It is the ultimate fake news scenario but not an inconceivable one: scientists have already demonstrated the concept by altering YouTube videos of George HW Bush, Barack Obama and Vladimir Putin.

Now Darpa, the Defense Advanced Research Projects Agency in the US, has embarked on a research programme called MediFor (short for media forensics). Darpa says its programme is about levelling a field that "currently favours the manipulator", a nefarious advantage that becomes a national security concern if the goal of forgery is propaganda or misinformation.

The five-year programme is intended to turn out a system capable of analysing hundreds of thousands of images a day and immediately assessing if they have been tampered with. Professor Hany Farid, a computer scientist at Dartmouth College, New Hampshire, is among the academics involved. He specialises in detecting the manipulation of images, and his work includes assignments for law enforcement agencies and media organisations.

"I've now seen the technology get good enough that I'm very concerned," Prof Farid told Nature last week. "At some point, we will reach a stage when we can generate realistic video, with audio, of a world leader, and that's going to be very disconcerting." He describes the attempt to keep up with the manipulators as a technological arms race.
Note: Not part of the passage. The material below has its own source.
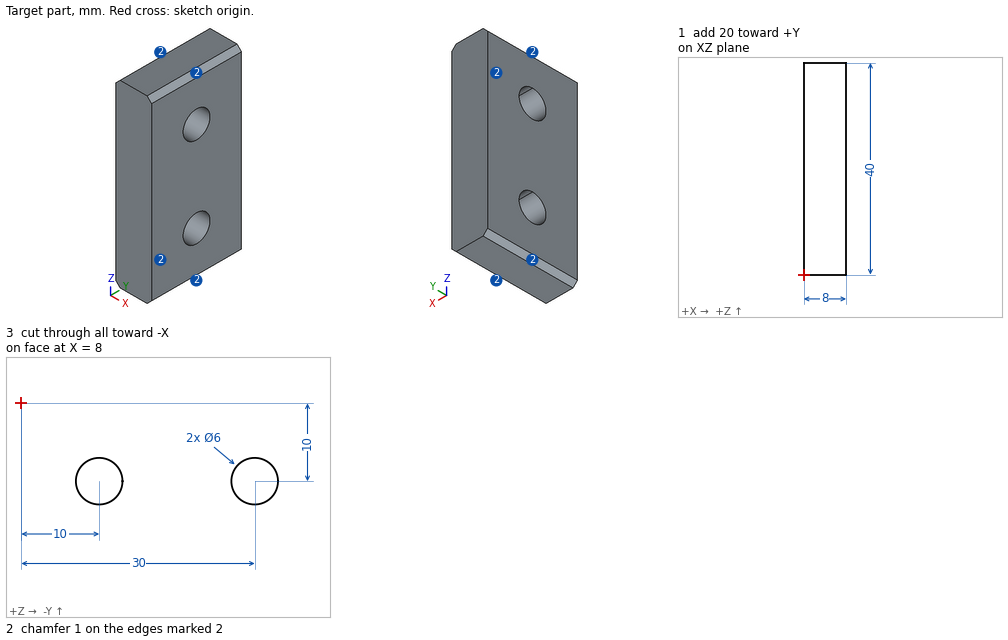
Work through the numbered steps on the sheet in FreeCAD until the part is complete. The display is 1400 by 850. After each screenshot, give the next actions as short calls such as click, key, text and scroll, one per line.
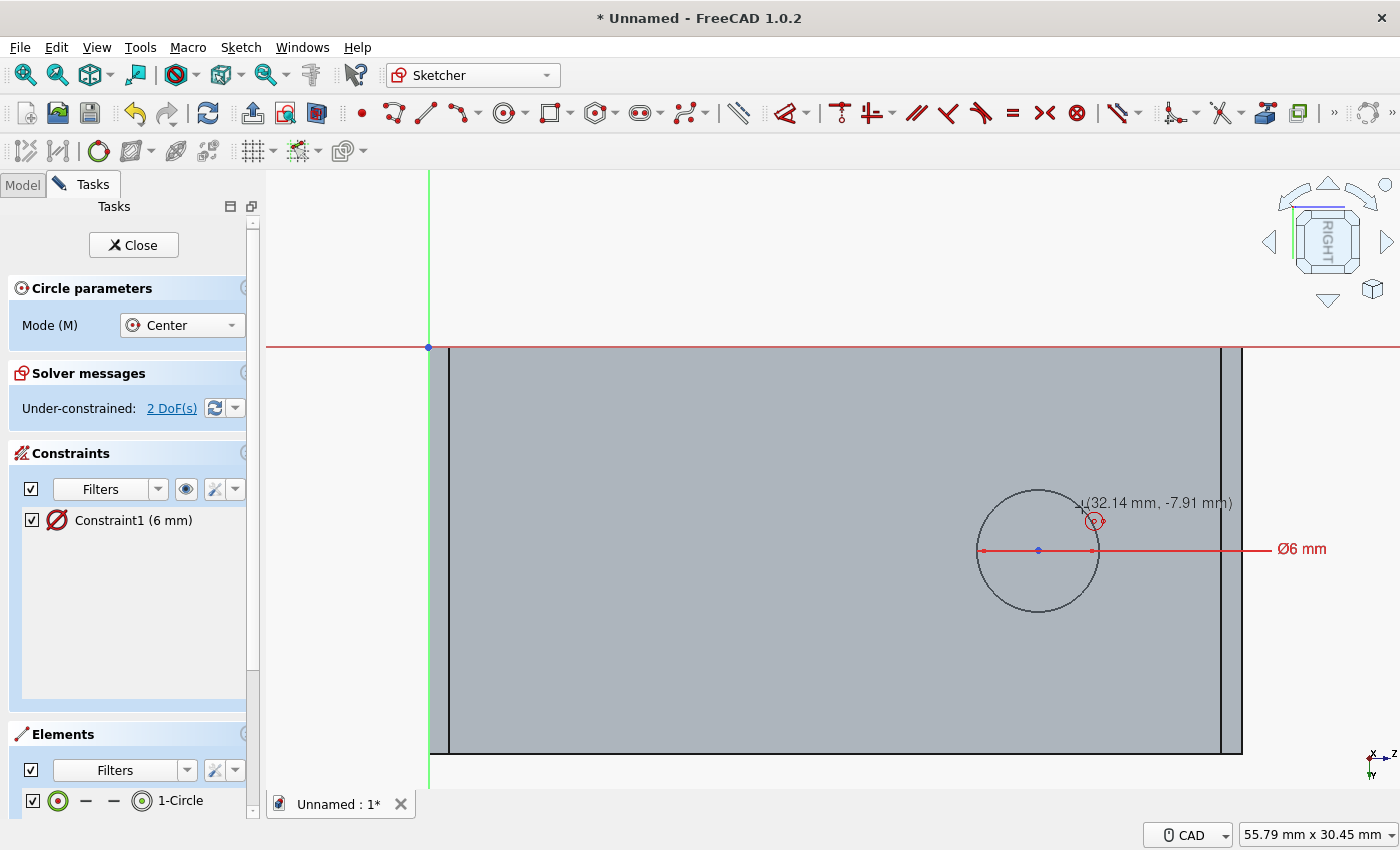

At the moment, spotting fakery takes time and expert knowledge, meaning that the bulk of bogus pictures slip into existence unchallenged. The first step with a questionable picture is to feed it into a reverse image search, such as Google Image Search, which will retrieve the picture if it has appeared elsewhere (this has proven surprisingly useful in uncovering scientific fraud, in instances when authors have plagiarised graphs).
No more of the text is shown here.